The Chief Operating Officer (COO) was ready to take action, but he didn't know what the CEO would say. I was asked to share the thinking with the CEO. He granted me three minutes to tell my story. During those three minutes, he refused to look at me and made a face. Dismissing me, he told me that the COO would never go along.

Whenever I saw either one for the next several years, each would tell me they wished they could persuade the other person. As far as I can tell, neither one realized that they agreed on the point.

Unfortunately, that's the kind of paralysis that follows problems. Few ideas are proposed, and those ideas may not be acted on.

How can you create confidence among those you work with that good ideas will receive attention and action?

The best way to do this is to set a good example by asking for ideas, acting on them appropriately and in a timely way, and encouraging others to act on them without waiting for approval when review is slow in coming. Soon you'll have everyone in the organization finding ways to be helpful rather than helpless. Management often takes on too large a burden in crisis situations.

Most such circumstances require a variety of actions, each in a different sphere of the organization's activities. Those who are closest to the problem will most usually have the clearest sense of the alternatives, but are often intimidated about speaking up for fear they'll offend colleagues or those in power.

Researchers report that the joy and fun of finding a good solution that is implemented are the primary rewards needed to stimulate people to find creative solutions to new problems. Be sure that you give people the time and resources to check out their thoughts. You'll be glad that you did.

Be careful though about paying and recognizing people for these ideas. Professor Teresa Amabile has reported that such recognition and pay can reduce creativity except when associated with specific efficiency-improvement programs.

3M is often cited as an example of a company that successfully encourages creative solutions. The firm makes it easy for employees to get time and resources to pursue new ideas. Those who succeed are often given the chance to play a key role in the development of the new activity, sometimes with large public recognition, always with substantial internal recognition and economic incentives as the solution develops.
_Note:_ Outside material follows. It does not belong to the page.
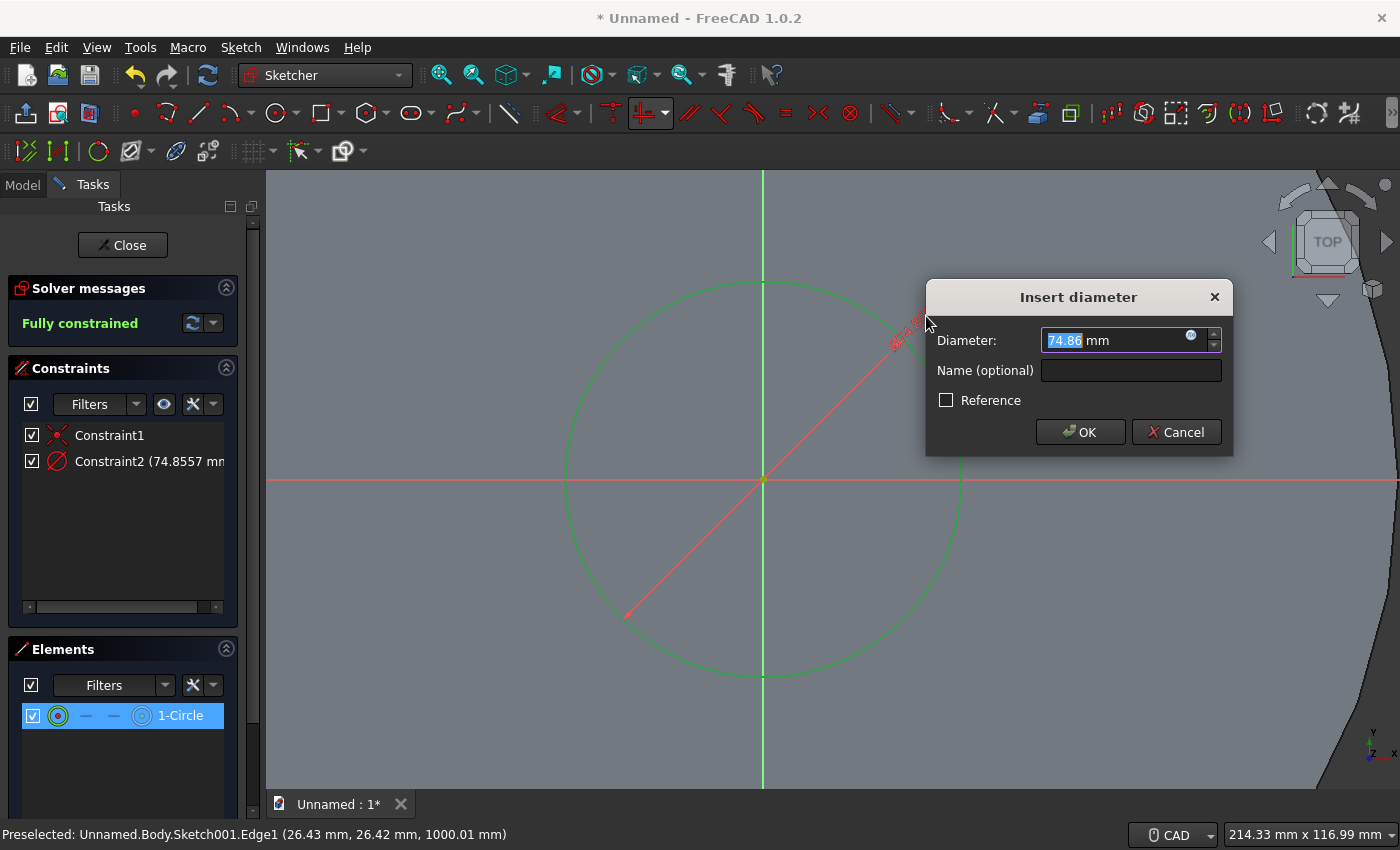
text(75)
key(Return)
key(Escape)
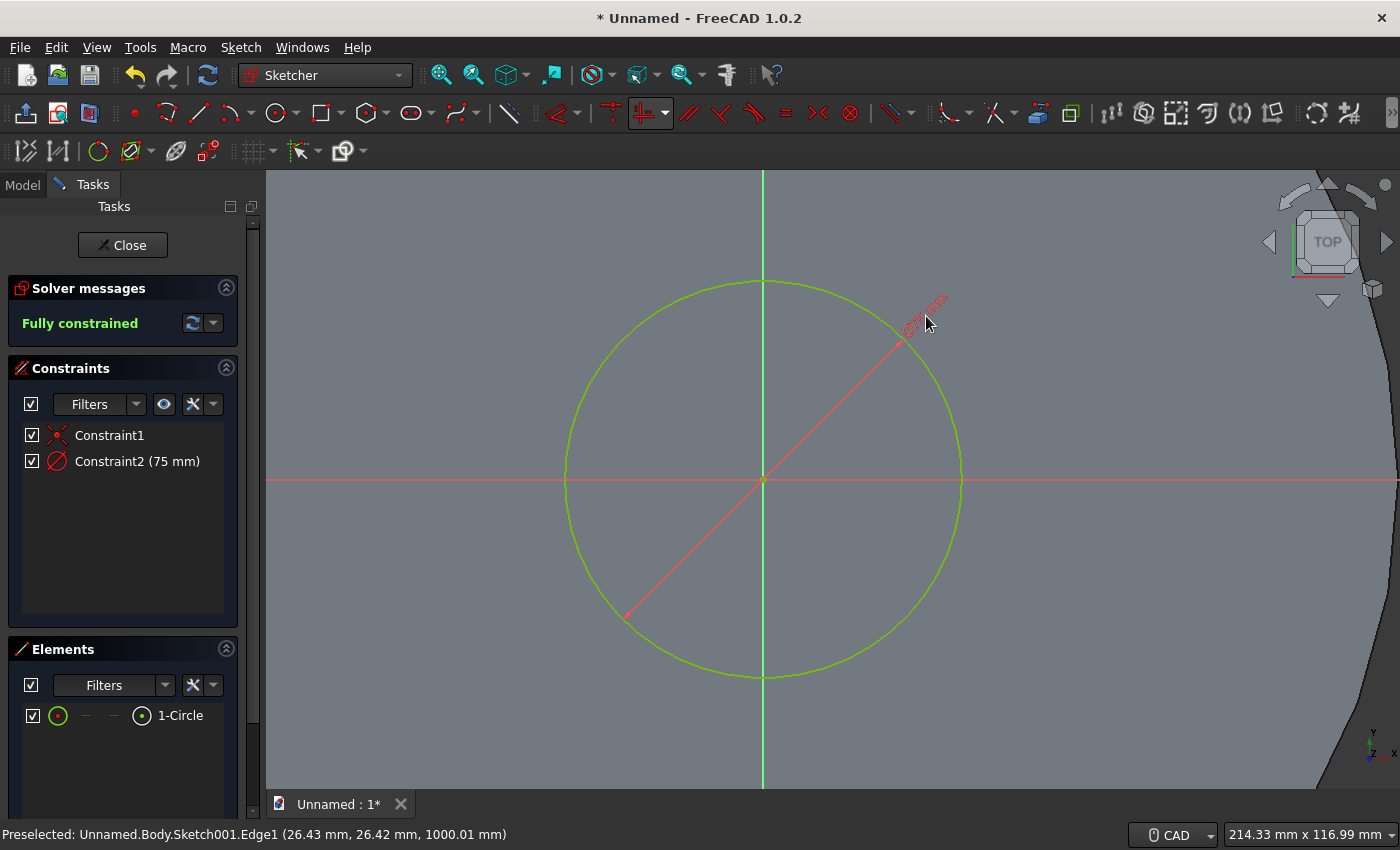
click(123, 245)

But don't forget to look and listen and then act on what you hear that makes sense.
About the Author
Donald Mitchell is an author of seven books including Adventures of an Optimist, The 2,000 Percent Squared Solution, The 2,000 Percent Solution, The 2,000 Percent Solution Workbook, The Irresistible Growth Enterprise, and The Ultimate Competitive Advantage. Read about creating breakthroughs through 2,000 percent solutions and receive tips by e-mail by registering for free at

http://www.2000percentsolution.com .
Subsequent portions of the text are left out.